Up until around 1985, there were few data on the value of reducing blood pressure in older patients. There was some anxiety that such treatment might do more harm than good with an excess risk of falls, hip fractures and hypotensive episodes. However, later, randomised trials were reassuring and it was demonstrated that the absolute benefits of antihypertensive treatment are much greater in elderly people with hypertension because of their increased absolute risk (Figure 12.4).
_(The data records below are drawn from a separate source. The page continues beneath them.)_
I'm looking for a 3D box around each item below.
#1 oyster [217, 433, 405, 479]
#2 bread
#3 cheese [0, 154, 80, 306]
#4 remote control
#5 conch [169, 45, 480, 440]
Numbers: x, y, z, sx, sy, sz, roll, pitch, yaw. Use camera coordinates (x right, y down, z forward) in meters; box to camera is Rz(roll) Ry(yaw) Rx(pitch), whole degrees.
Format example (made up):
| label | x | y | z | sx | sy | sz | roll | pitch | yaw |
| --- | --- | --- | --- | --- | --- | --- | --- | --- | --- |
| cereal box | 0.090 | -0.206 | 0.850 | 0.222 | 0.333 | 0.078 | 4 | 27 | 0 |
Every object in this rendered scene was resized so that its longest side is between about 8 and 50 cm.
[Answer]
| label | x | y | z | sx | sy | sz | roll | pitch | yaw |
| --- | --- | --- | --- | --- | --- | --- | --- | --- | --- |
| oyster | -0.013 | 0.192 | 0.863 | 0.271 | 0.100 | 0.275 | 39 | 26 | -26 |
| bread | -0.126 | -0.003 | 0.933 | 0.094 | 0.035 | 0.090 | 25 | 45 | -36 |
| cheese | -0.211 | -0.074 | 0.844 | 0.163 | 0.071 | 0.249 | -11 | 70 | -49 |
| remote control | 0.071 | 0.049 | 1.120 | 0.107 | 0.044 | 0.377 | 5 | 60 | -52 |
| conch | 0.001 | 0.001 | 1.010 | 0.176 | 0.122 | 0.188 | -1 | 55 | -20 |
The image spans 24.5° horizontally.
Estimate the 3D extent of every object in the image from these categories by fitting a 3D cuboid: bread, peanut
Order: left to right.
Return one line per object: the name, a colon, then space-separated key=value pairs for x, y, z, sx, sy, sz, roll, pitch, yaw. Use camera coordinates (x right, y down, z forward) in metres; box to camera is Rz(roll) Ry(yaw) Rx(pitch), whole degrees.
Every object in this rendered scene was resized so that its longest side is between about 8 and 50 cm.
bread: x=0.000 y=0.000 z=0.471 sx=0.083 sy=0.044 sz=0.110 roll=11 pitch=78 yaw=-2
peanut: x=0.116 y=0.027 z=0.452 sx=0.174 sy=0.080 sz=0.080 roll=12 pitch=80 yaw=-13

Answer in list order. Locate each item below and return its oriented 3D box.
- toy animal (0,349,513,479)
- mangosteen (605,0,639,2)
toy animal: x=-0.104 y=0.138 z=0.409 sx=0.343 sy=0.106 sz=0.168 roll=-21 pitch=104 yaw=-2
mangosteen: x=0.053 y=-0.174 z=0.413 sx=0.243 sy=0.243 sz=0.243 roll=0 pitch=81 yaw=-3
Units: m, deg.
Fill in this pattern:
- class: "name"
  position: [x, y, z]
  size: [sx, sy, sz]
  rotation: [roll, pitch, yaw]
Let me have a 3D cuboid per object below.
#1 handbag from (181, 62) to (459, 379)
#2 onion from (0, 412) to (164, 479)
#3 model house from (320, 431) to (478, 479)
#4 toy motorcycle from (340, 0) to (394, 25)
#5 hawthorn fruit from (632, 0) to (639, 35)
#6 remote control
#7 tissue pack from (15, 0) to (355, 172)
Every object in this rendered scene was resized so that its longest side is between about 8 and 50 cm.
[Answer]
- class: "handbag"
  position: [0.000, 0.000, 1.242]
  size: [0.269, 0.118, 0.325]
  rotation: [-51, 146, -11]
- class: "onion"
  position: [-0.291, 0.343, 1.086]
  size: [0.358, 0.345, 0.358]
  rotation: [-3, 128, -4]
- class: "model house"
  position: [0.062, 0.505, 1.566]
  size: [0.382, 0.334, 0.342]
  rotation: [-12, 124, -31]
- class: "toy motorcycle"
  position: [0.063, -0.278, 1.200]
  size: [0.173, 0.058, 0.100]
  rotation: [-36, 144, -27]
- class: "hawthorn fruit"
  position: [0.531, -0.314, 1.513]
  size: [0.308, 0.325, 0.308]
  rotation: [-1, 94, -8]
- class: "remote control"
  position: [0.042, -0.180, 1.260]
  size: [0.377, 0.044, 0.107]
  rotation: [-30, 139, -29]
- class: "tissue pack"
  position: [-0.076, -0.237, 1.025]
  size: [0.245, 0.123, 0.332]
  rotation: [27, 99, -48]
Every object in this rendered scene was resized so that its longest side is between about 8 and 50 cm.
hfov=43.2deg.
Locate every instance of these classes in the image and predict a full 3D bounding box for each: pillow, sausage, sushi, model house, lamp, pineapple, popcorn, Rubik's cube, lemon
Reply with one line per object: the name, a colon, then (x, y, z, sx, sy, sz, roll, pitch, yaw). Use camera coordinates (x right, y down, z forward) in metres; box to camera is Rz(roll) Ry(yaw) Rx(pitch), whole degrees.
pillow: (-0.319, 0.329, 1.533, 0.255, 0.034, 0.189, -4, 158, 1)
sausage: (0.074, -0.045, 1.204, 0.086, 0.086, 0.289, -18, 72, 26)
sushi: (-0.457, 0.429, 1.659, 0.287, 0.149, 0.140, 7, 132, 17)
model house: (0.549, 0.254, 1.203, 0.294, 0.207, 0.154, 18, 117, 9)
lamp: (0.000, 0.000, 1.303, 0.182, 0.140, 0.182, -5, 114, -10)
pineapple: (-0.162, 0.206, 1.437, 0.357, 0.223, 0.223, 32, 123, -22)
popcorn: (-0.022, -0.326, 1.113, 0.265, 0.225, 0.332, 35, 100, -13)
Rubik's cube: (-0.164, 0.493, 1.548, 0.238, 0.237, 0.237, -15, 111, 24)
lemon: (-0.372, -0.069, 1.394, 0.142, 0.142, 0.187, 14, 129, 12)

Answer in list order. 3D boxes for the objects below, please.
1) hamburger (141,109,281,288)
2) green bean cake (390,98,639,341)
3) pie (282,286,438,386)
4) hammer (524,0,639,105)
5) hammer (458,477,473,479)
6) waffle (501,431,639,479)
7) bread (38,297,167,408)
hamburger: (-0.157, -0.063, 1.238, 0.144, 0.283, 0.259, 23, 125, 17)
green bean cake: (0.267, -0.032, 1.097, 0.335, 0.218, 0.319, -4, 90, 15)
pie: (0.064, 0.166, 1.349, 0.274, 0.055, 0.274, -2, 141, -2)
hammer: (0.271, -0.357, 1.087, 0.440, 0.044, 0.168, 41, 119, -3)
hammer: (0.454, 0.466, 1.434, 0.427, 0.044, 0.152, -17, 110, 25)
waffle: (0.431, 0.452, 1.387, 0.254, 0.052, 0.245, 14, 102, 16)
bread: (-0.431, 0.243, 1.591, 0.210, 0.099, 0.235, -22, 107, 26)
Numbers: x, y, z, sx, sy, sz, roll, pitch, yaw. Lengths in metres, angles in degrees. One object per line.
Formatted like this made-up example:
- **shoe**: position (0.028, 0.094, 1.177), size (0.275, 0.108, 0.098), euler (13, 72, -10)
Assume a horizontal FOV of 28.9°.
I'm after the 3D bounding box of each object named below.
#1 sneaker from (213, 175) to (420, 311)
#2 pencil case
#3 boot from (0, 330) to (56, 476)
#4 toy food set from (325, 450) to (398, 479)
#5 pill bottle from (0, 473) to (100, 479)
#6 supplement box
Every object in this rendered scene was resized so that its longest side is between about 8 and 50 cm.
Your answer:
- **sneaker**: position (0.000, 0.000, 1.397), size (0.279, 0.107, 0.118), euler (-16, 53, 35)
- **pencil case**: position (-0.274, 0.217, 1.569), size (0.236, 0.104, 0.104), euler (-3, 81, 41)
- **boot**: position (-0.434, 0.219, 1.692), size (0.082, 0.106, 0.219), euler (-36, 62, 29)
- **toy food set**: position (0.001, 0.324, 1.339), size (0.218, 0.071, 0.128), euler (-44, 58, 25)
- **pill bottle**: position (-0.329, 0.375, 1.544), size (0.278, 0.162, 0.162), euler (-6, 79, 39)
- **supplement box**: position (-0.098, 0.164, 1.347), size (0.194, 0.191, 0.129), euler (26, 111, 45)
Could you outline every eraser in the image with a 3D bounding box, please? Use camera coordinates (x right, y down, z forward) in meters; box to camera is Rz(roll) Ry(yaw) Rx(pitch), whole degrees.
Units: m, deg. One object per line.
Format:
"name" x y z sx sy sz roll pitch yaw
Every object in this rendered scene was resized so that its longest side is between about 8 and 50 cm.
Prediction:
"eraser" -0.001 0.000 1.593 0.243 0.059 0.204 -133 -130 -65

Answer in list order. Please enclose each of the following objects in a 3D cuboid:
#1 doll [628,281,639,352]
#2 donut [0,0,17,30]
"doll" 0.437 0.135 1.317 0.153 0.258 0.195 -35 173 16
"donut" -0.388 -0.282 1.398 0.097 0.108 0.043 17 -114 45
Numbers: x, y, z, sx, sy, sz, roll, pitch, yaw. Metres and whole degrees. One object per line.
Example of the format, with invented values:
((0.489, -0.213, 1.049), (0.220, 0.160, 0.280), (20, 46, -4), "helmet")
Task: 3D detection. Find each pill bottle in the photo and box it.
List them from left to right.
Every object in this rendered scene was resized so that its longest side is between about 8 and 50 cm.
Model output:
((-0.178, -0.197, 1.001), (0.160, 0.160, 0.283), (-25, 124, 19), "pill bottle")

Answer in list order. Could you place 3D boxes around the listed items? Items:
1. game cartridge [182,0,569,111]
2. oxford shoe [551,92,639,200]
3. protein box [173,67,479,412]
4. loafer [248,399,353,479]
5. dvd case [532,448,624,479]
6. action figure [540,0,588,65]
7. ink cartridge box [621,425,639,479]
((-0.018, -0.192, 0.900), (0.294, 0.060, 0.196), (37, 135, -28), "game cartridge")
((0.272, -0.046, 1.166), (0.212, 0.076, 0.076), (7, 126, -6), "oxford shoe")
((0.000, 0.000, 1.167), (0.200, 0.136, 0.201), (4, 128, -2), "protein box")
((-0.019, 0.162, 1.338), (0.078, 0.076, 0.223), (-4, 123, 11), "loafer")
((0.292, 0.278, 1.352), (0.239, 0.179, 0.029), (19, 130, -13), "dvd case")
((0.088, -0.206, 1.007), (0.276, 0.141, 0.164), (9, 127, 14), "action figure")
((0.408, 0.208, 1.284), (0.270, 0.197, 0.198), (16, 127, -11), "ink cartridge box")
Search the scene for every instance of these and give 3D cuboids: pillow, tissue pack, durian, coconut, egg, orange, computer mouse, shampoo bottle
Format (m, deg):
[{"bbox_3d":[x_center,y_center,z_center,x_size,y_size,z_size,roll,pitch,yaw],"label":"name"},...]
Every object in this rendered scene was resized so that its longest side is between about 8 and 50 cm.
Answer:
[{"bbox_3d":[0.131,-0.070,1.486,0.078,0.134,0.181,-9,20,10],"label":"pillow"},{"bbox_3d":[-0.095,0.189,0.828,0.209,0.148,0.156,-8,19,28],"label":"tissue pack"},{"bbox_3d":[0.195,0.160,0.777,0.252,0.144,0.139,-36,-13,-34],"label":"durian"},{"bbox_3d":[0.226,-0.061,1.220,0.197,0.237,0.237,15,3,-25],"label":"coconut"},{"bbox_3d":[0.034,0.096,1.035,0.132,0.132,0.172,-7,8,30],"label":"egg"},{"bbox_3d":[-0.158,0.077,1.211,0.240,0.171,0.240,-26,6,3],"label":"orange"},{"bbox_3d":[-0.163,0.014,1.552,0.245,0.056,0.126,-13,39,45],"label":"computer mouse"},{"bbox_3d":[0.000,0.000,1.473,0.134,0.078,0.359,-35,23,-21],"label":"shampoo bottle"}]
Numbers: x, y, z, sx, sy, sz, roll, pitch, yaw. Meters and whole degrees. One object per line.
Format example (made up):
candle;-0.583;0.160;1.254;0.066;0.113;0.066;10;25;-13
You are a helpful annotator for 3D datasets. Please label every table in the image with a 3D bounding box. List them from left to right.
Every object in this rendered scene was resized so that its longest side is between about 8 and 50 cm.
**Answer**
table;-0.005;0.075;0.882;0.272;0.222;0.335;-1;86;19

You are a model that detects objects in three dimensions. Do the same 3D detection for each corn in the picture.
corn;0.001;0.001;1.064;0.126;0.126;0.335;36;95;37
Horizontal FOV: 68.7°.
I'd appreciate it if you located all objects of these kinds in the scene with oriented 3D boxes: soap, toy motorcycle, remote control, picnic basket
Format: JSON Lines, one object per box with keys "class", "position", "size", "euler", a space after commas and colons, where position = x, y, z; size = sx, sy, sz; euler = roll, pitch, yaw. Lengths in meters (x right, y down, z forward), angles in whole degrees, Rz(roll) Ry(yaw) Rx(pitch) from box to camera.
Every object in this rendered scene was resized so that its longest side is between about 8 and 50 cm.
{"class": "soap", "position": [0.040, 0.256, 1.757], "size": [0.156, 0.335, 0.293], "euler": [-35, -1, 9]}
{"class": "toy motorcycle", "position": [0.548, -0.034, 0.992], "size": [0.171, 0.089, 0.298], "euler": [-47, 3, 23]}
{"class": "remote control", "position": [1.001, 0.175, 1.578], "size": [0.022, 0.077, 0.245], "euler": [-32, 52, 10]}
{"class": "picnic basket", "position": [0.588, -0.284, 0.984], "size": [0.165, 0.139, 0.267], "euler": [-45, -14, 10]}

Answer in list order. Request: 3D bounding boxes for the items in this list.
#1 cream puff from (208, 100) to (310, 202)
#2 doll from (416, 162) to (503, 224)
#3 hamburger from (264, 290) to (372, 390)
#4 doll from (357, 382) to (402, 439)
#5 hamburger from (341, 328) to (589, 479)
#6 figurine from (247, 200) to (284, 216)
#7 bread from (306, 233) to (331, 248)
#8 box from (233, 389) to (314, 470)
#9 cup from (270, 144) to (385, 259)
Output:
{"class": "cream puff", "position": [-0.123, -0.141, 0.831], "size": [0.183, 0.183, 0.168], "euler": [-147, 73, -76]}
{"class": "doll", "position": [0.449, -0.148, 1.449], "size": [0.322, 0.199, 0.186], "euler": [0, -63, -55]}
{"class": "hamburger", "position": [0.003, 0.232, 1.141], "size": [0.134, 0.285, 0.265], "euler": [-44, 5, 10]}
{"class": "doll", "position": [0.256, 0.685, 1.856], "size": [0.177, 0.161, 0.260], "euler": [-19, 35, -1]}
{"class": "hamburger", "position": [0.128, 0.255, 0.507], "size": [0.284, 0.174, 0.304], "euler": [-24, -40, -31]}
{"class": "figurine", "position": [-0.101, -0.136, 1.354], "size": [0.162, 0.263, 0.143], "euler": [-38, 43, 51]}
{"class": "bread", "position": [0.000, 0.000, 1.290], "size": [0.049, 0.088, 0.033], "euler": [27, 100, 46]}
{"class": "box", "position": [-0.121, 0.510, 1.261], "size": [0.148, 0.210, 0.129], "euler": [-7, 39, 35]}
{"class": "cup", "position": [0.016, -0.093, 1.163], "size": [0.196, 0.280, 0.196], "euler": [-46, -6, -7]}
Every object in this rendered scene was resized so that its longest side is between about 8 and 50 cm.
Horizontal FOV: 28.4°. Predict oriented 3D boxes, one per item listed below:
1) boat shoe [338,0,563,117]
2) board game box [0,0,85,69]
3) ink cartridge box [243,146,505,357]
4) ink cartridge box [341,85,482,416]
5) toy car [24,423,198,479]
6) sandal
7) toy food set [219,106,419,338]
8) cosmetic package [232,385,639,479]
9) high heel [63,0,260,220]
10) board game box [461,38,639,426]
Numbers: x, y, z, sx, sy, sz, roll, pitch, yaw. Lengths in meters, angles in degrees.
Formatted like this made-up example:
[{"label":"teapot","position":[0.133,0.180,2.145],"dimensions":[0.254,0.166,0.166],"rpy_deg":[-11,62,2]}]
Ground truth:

As shown in Figure 12.2, plasma renin levels fall with advancing age and as a result of this, drugs that block the renin-angiotensin system tend to be less effective in the elderly. In elderly patients, the CCBs are now the drugs of first choice, as they reduce cardiovascular morbidity and mortality. Should CCBs prove insufficient to control blood pressure, it is usual to add an ACE inhibitor or an ARB. As per the BHS/NICE guidance, thiazides and thiazide-like diuretics are now relegated to be third-line agents. β Blockers should now only be used in patients with concomitant heart disease.

The hypertension in the very elderly trial (HYVET) has established the safety and efficacy of antihypertensive treatment in very elderly patients (Figure 12.5). In HYVET, 3845 elderly patients aged >80 years of age with a sustained systolic blood pressure of 160 mmHg or more were randomised to receive either the diuretic indapamide (sustained release, 1.5 mg) or matching placebo. The ACE inhibitor perindopril (2 or 4 mg), or matching placebo, was added if necessary to achieve the target blood pressure of 150/80 mm Hg. During the trial, the systolic blood pressure was 15 mm Hg lower in patients randomised to active treatment compared with those on matching placebo tablets.